Kendrick cites the frenetic busyness of his career as a motivator to practice being more present. “When you in music—and everybody knows this—the years are always cut in half, because you always have something to do,” he says. “It just goes and then you miss out on your moment because you’re so in the moment you didn’t know the moment was going on.”
After realizing that music was consuming his thoughts and attention, Kendrick turned to meditation for time and space away from his work: “That 30 minutes helps me to totally zone out and not think about my next lyric.
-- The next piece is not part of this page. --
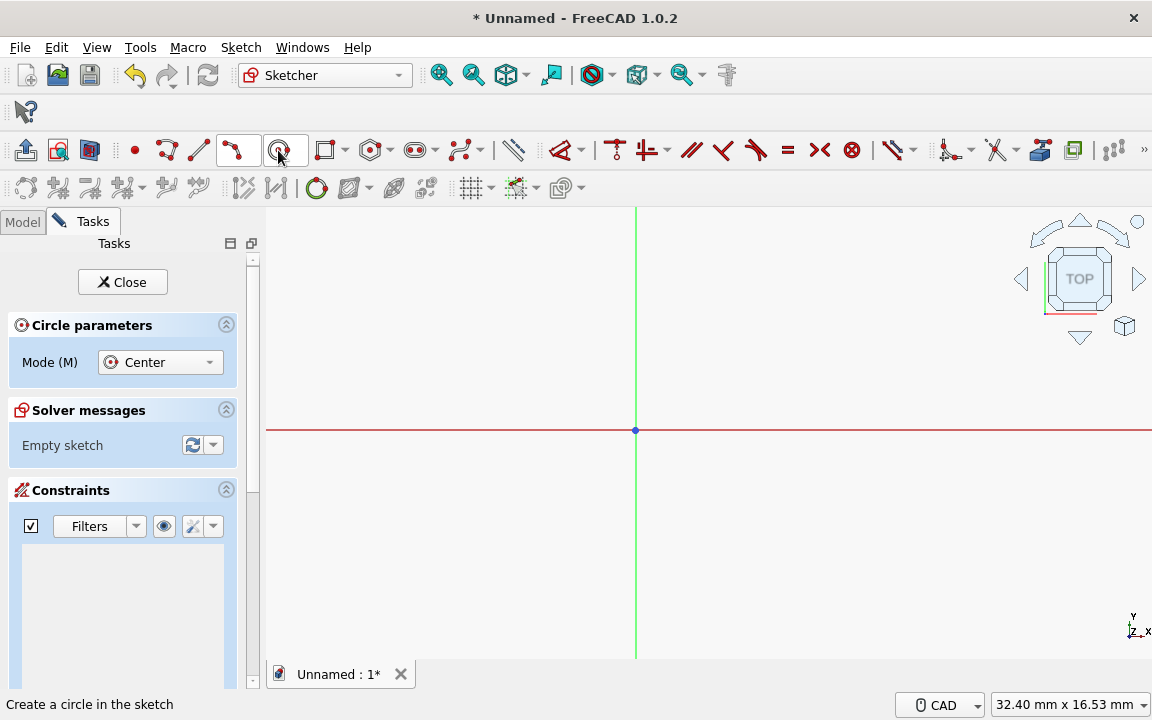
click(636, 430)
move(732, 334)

You know? It gives me a re-start, a jump start, a refresh. It lets me know why I’m here, doing what I’m doing.”
Competition is ingrained in hip-hop’s DNA; there’s tremendous pressure to claim the “best rapper alive” throne by breaking the mold on verbal gymnastics, pushing artistic boundaries, and resonating with audiences through culture and emotion. Slap on deadlines from record labels, plus scrutiny and sensationalism from the public eye—it’s a paralyzing weight for anyone to endure.
“There’s a great deal of bullshit that people think about when they make music, things that don’t matter,” Rubin says. “[Meditation] kind of wipes that away, and you focus on the real job at hand, as opposed to thinking about what the management wants, or what the record company’s saying, or what somebody at a radio station might think.”
While the dusty notion that hip-hop is all about cars, money, and clothes may still ring true for certain acts, there’s no denying that the genre has evolved. By unmasking both the stigmas attached to mental health issues and stereotypes about meditation, the rap game is well set up for a healthier and happier road ahead—for artists and fans alike.